> Problem
Set down, please, the line that contains "Answer yes or no. No. Is Dark" and every line that follows it to the end of the records, exactly; do not include pictures.

> Records from a dataset
═══

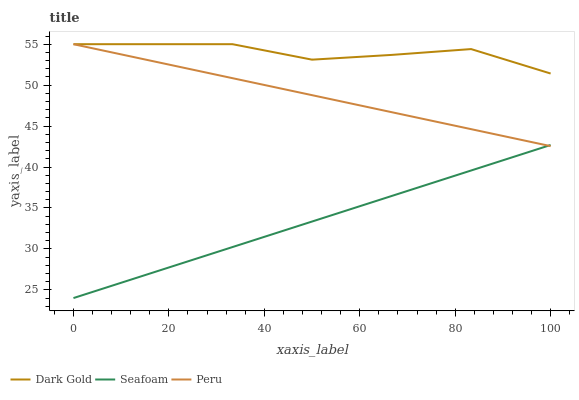Does Seafoam have the minimum area under the curve?
Answer yes or no. Yes. Does Dark Gold have the maximum area under the curve?
Answer yes or no. Yes. Does Peru have the minimum area under the curve?
Answer yes or no. No. Does Peru have the maximum area under the curve?
Answer yes or no. No. Is Seafoam the smoothest?
Answer yes or no. Yes. Is Dark Gold the roughest?
Answer yes or no. Yes. Is Peru the smoothest?
Answer yes or no. No. Is Peru the roughest?
Answer yes or no. No. Does Seafoam have the lowest value?
Answer yes or no. Yes. Does Peru have the lowest value?
Answer yes or no. No. Does Dark Gold have the highest value?
Answer yes or no. Yes. Is Seafoam less than Dark Gold?
Answer yes or no. Yes. Is Dark Gold greater than Seafoam?
Answer yes or no. Yes. Does Dark Gold intersect Peru?
Answer yes or no. Yes. Is Dark Gold less than Peru?
Answer yes or no. No. Is Dark Gold greater than Peru?
Answer yes or no. No. Does Seafoam intersect Dark Gold?
Answer yes or no. No. 
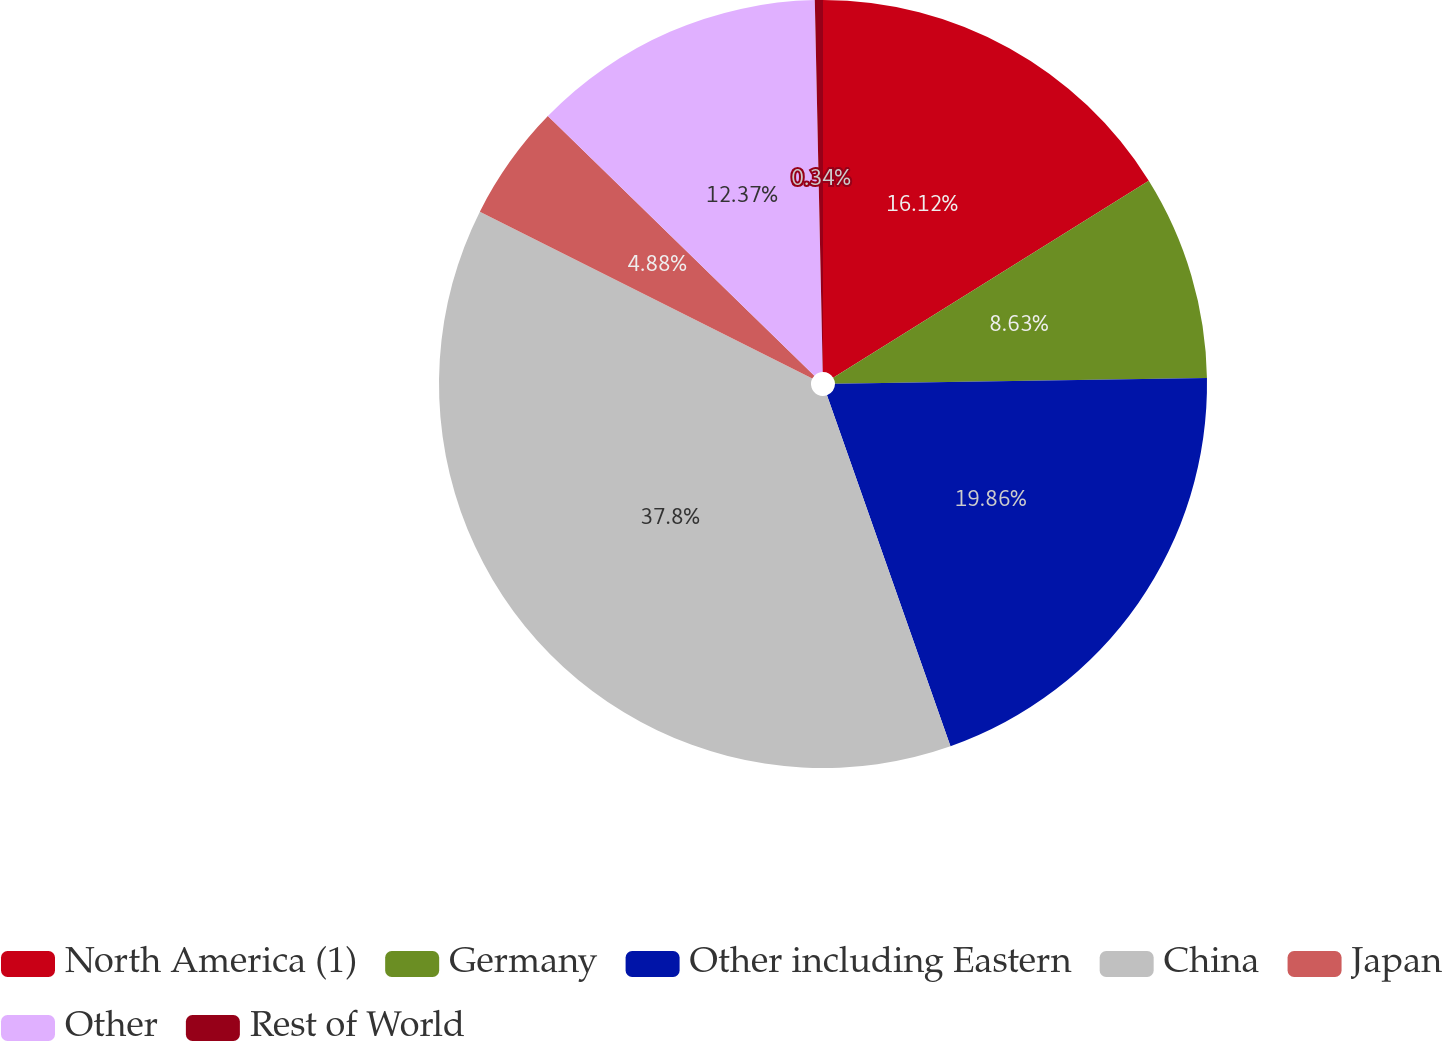Convert chart. <chart><loc_0><loc_0><loc_500><loc_500><pie_chart><fcel>North America (1)<fcel>Germany<fcel>Other including Eastern<fcel>China<fcel>Japan<fcel>Other<fcel>Rest of World<nl><fcel>16.12%<fcel>8.63%<fcel>19.86%<fcel>37.79%<fcel>4.88%<fcel>12.37%<fcel>0.34%<nl></chart>

═══

> Response
Answer yes or no. No. Is Dark Gold greater than Peru?
Answer yes or no. No. Does Seafoam intersect Dark Gold?
Answer yes or no. No. 
Convert chart. <chart><loc_0><loc_0><loc_500><loc_500><pie_chart><fcel>North America (1)<fcel>Germany<fcel>Other including Eastern<fcel>China<fcel>Japan<fcel>Other<fcel>Rest of World<nl><fcel>16.12%<fcel>8.63%<fcel>19.86%<fcel>37.79%<fcel>4.88%<fcel>12.37%<fcel>0.34%<nl></chart>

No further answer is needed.